Inspired by the well-established distyryl anthracenyl (DSA) π-conjugates as aggregation-induced emission active (AIE) materials and the evolution of the synthesis/optoelectronic properties of numerous anthracene-based π-conjugates, a new series of 9-or 10-(hetero)arylated anthracenyl π-conjugates were synthesized using a straightforward and metal-free protocol by starting with a unique family of organophosphonates. The fluorescence behaviors of these (hetero)arylated π-conjugates were systematically studied to determine their AIE-activities, resulting in a new class of much smaller anthracene-based AIEgens. Considerable effort was made to analyze the AIE-behaviors of selected molecules by performing single crystal X-ray diffraction, time-resolved fluorescence, and dynamic light scattering studies.

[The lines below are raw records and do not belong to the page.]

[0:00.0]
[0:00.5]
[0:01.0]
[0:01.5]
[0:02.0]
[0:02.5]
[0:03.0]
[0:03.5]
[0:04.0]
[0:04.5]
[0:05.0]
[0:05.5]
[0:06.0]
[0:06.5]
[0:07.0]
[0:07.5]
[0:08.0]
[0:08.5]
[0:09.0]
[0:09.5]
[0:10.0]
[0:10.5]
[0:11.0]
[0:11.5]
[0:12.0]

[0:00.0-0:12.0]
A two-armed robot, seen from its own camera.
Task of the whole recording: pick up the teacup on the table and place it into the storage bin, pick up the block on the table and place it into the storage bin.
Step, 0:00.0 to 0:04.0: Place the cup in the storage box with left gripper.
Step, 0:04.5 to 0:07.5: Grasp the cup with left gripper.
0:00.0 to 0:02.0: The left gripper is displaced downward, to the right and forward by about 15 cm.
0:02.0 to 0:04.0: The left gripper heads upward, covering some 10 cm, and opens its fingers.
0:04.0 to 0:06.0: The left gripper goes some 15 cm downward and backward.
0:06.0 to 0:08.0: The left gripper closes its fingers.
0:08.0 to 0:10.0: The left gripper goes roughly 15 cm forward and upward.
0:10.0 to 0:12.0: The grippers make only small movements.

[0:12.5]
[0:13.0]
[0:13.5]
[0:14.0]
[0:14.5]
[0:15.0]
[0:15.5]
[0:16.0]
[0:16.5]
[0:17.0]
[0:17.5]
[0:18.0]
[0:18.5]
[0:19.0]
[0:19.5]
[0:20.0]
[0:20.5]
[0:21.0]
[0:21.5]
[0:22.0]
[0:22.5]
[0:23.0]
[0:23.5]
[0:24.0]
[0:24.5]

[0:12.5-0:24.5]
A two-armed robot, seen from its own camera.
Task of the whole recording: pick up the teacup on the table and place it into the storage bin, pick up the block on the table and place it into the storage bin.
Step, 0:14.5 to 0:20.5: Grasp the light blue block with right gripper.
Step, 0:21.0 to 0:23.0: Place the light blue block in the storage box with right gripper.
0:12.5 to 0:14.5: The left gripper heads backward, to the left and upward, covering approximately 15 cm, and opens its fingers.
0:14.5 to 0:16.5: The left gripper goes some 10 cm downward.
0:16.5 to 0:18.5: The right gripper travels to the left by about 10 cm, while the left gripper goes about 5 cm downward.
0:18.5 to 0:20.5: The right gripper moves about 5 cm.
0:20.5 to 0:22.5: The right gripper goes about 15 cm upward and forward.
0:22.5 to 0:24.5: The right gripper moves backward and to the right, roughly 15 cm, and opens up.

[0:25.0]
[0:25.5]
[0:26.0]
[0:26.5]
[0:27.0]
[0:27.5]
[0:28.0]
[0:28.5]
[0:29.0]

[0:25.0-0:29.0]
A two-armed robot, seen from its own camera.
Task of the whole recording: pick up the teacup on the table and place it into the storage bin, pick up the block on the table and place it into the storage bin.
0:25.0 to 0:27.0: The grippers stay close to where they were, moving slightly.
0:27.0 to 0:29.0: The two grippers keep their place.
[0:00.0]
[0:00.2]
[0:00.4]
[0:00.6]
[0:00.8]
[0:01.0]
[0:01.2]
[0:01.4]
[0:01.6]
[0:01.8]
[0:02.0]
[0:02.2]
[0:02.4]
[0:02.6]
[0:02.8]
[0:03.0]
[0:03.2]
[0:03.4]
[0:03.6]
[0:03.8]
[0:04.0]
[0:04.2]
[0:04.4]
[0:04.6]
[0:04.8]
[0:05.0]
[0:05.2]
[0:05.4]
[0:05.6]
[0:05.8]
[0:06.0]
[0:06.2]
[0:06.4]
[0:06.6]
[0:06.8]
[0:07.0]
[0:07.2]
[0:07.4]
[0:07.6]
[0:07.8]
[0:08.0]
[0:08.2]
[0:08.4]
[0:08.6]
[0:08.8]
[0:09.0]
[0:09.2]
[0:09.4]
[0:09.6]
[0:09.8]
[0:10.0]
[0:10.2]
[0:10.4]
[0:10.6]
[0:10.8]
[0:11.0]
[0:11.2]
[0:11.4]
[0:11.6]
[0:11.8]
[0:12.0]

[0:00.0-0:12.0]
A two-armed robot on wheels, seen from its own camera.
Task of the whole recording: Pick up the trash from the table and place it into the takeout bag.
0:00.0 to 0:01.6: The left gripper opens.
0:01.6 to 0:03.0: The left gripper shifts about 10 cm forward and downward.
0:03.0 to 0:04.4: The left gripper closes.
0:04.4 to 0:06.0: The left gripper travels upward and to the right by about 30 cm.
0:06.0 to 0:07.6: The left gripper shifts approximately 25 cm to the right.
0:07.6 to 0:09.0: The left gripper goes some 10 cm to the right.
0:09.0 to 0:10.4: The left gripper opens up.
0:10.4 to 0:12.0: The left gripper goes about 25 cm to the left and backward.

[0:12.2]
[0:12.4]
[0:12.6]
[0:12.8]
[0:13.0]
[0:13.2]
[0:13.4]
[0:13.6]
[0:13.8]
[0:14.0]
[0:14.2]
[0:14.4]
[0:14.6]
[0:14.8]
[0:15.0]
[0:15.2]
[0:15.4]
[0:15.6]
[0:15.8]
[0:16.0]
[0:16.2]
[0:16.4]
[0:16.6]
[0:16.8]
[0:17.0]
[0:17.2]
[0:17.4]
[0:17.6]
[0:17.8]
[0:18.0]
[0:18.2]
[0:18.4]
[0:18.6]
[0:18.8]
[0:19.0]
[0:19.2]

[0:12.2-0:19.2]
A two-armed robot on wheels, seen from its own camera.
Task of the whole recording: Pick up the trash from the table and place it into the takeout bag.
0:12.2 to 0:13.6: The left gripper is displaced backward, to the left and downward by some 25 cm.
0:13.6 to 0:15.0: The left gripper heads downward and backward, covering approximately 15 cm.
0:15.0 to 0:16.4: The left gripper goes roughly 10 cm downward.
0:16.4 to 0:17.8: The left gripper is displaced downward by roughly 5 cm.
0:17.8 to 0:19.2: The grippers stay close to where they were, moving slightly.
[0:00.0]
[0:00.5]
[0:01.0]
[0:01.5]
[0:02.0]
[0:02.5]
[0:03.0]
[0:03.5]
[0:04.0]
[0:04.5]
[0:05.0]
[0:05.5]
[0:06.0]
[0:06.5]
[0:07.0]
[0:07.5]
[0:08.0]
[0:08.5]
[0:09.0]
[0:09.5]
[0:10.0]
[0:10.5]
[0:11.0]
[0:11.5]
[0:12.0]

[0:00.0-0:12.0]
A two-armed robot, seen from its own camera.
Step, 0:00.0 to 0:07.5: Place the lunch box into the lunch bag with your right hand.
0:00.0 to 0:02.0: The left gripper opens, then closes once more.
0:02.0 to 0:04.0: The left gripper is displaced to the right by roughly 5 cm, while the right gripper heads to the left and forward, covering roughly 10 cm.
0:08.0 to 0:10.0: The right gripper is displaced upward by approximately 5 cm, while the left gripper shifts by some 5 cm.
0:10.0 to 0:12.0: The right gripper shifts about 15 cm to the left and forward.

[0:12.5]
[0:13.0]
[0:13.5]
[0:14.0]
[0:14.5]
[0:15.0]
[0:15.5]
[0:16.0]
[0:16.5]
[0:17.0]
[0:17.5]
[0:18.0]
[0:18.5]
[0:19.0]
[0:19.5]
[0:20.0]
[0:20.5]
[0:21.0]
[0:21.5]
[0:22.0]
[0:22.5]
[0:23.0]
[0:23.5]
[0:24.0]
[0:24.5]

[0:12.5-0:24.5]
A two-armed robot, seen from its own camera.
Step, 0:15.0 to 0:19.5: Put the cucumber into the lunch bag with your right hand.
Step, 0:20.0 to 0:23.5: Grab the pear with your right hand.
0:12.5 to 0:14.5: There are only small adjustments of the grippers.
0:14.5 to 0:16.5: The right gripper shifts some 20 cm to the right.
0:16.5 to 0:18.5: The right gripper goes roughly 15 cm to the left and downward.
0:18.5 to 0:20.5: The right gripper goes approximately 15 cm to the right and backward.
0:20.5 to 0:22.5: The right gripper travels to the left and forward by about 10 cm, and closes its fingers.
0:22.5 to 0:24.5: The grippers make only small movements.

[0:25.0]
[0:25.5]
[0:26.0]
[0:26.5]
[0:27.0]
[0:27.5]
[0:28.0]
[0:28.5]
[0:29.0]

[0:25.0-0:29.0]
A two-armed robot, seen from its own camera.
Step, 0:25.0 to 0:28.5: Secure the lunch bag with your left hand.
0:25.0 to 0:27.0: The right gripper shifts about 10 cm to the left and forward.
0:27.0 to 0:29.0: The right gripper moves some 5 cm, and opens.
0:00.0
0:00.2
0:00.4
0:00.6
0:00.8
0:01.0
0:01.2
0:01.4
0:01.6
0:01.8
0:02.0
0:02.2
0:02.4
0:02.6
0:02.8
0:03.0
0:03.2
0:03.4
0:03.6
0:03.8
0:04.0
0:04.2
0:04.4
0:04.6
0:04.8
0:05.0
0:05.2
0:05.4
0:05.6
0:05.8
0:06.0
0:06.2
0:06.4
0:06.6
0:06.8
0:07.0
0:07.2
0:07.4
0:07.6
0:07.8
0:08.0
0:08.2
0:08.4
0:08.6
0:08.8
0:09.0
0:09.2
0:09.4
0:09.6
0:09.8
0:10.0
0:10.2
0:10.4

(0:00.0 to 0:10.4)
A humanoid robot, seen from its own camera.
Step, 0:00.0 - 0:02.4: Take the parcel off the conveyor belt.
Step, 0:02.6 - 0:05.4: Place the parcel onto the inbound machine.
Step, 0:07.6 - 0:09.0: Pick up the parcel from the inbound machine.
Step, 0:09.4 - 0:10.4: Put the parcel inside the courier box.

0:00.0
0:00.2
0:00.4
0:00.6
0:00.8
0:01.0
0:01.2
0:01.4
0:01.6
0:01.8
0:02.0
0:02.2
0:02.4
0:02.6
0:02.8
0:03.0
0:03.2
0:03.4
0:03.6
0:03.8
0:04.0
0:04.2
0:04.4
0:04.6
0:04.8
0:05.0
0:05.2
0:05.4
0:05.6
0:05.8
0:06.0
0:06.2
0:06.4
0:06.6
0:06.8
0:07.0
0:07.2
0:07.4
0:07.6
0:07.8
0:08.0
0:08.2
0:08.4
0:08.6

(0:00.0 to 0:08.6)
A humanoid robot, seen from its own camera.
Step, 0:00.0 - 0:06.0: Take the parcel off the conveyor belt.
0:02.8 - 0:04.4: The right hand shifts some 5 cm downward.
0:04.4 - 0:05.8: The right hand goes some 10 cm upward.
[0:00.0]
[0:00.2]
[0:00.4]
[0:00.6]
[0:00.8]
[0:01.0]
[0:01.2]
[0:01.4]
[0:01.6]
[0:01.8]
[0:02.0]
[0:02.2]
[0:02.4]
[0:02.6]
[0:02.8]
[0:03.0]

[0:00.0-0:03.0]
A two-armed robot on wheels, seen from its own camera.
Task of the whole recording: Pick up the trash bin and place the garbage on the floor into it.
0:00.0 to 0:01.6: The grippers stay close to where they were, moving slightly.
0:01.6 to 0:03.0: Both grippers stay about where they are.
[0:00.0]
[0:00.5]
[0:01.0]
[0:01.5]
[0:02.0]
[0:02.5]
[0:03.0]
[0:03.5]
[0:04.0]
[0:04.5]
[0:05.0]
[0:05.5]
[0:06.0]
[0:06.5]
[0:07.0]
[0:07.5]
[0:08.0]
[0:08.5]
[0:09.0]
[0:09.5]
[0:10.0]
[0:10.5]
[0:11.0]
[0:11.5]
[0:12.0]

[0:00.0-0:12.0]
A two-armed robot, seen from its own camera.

Our mechanistic investigations reveal that the heteroarene(s) linked to a π-conjugated system facilitate the AIE-behaviors of these molecules. Fluorescence microscopy images of the selected compounds in both molecular and aggregated form were obtained to demonstrate their structure–property relationship. Further, a trisubstituted anthracene-based π-conjugate was synthesized and established as a new AIEgen.